Exploit de la technique, beauté de la nature
Le Monde du silence montre pour la première fois dans un long métrage de cinéma des inventions emblématiques de la plongée sous-marine moderne : le scaphandre autonome à air comprimé (breveté par Cousteau lui-même et l’ingénieur Emile Gagnan en 1943), le scooter des mers, ou encore la célèbre cage à requins. Des techniques cinématographiques se greffent naturellement à ces innovations nautiques : une caméra sous-marine dans un caisson imperméable est conçue par l’ingénieur chimiste André Laban et le professeur Eggerton met au point un appareil photographique de grand fond (à la cadence d’un flash toutes les quinze secondes, il peut déjà stocker jusqu’à huit cent photographies). Dans Océans, les techniques d’enregistrement (son et image) priment face à la stagnation des techniques de plongées, pérennisées depuis les années cinquante. Tout un arsenal de gadgets technologiques sert à la mise en scène de l’Océan, et se risque même à appréhender le point de vue animal. Pourtant… l’approche du monde marin est-elle nécessairement technique ? Ne dépendrait-elle pas aussi de la distance ménagée par l’homme, c’est-à-dire d’un regard anthropocentrique ?

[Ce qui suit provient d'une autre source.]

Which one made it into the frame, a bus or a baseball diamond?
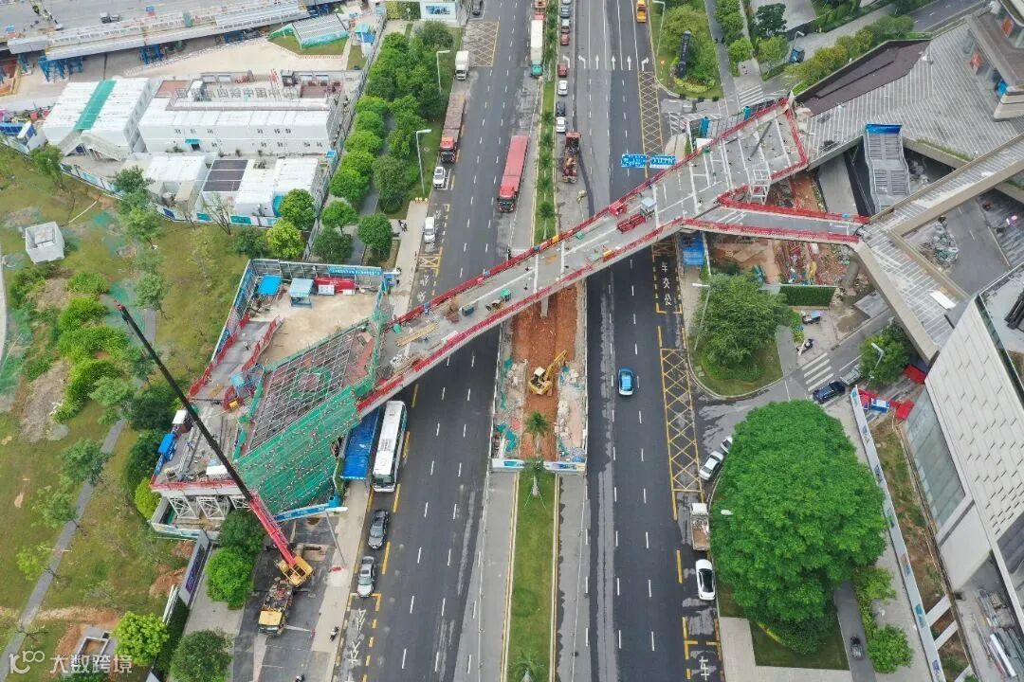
bus
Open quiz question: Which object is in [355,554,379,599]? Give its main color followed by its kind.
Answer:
gray car
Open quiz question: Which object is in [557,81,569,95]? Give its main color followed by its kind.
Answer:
white vehicle
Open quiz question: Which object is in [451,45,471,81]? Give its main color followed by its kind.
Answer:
white vehicle
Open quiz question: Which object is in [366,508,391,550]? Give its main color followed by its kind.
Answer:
gray car
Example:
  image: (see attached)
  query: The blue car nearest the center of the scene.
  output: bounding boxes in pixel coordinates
[617,370,634,397]
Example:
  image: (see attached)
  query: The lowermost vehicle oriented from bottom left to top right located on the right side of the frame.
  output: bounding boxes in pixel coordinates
[696,448,726,482]
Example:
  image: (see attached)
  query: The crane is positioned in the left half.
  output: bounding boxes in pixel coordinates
[116,302,334,655]
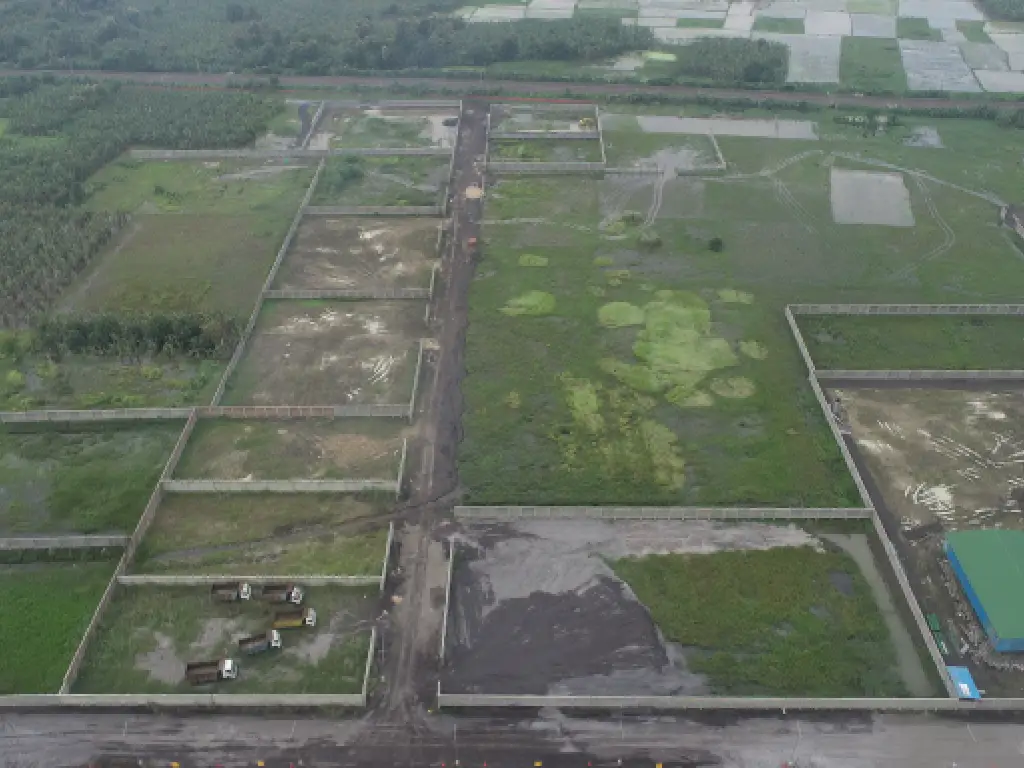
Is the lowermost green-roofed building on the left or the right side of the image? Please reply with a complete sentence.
The lowermost green-roofed building is on the right side of the image.
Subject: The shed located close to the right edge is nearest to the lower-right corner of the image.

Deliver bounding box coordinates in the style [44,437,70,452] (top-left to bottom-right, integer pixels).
[947,667,980,698]
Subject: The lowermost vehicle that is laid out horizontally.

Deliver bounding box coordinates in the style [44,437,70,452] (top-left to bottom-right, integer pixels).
[180,656,240,686]
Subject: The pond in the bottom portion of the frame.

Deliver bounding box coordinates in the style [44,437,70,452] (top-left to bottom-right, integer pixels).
[836,532,935,696]
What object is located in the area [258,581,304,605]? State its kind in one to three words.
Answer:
truck
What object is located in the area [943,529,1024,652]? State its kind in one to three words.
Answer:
building
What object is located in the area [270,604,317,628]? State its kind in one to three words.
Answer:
truck
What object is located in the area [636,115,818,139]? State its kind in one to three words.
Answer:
pond
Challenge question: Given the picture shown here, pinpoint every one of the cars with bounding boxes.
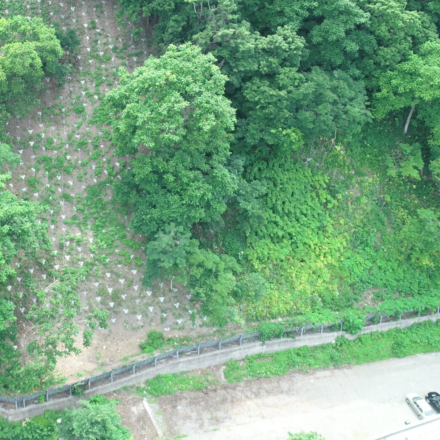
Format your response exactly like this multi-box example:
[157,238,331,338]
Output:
[405,391,437,422]
[426,391,440,412]
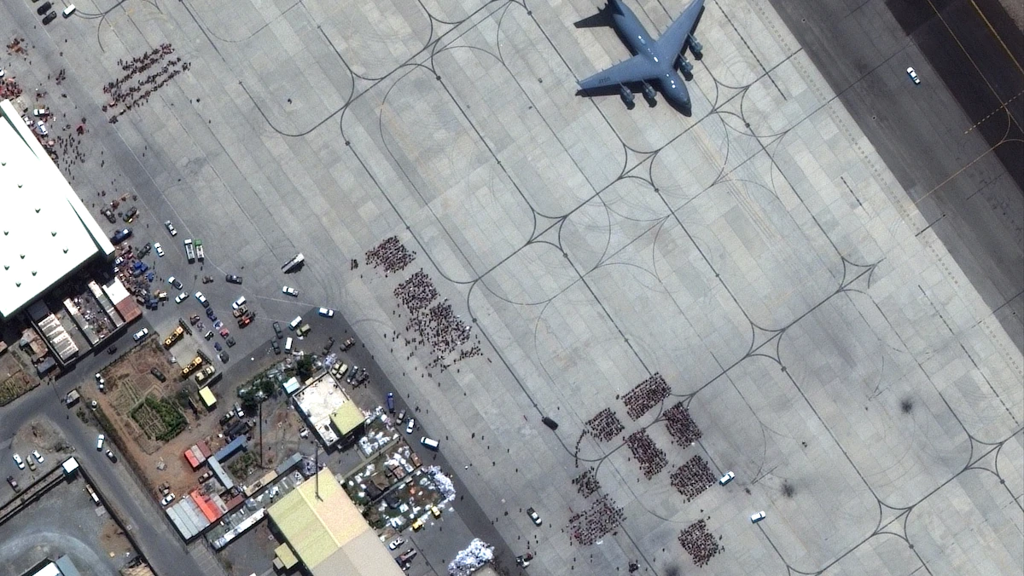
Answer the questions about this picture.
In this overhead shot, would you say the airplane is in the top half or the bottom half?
top
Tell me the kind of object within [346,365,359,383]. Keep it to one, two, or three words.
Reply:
vehicle
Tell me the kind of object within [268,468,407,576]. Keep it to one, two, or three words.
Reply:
building
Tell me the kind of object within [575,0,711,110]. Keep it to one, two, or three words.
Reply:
airplane
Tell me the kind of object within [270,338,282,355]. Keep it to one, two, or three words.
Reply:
vehicle
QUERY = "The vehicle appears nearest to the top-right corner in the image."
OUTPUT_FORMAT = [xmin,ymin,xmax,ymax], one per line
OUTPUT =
[907,67,921,84]
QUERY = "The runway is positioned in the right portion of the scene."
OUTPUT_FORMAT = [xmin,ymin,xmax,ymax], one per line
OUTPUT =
[889,0,1024,192]
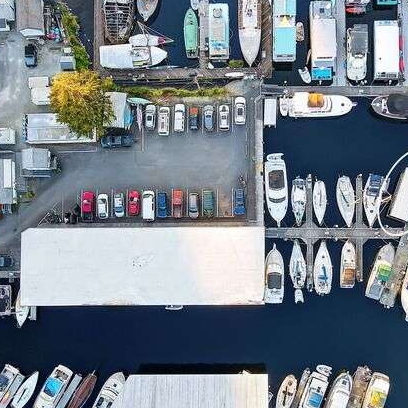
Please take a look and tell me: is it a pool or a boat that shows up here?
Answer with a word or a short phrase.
boat
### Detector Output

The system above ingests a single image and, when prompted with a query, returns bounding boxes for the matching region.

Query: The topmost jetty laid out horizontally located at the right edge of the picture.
[278,79,408,95]
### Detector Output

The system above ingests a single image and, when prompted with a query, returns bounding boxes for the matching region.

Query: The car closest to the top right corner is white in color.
[234,98,246,125]
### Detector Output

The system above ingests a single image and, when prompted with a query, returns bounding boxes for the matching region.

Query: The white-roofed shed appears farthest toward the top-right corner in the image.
[264,98,277,130]

Le Monde du silence est avant tout un défi humain : celui de la Calypso et de son équipage scientifique, d’un recensement des espèces marines à travers les diverses mers du globe (Mer Méditerranée, Mer Rouge, Océan Indien, Golfe Persique). C’est un film qui sait montrer les biologistes marins au travail : ainsi, les deux cinéastes (Jacques-Yves Cousteau et Louis Malle) n’hésitent pas à se filmer eux-mêmes, à présenter leur matériel de prises de vue. André Bazin ne s’y trompait pas, reconnaissant dans cette double articulation (à la fois le film et le hors-film) tout l’intérêt du Monde du silence : « Il est parfaitement permis de reconstituer la découverte d’une épave, […] Tout au plus peut-on exiger du cinéaste qu’il ne cherche pas à cacher le procédé. Mais on ne saurait le reprocher à Cousteau et Malle qui, plusieurs fois, au cours du film, nous présentent leur matériel et se filment eux-mêmes en train de filmer »2. André Bazin félicite le film en miroir qu’est Le monde du silence, d’une étrange modernité, mais sait aussi à travers les abysses faire entendre les beautés naïves (natives ?) du film : « Il y a un aspect dérisoire dans la critique du « Monde du silence ». Car enfin les beautés du film sont d’abord celles de la nature et autant donc vaudrait critiquer Dieu. Tout au plus, de ce point de vue, nous est-il permis d’indiquer que ces beautés, en effet, sont ineffables […] ces surhommes subaquatiques rencontre en nous-mêmes de secrètes, profondes et immémoriales connivences » (p.35).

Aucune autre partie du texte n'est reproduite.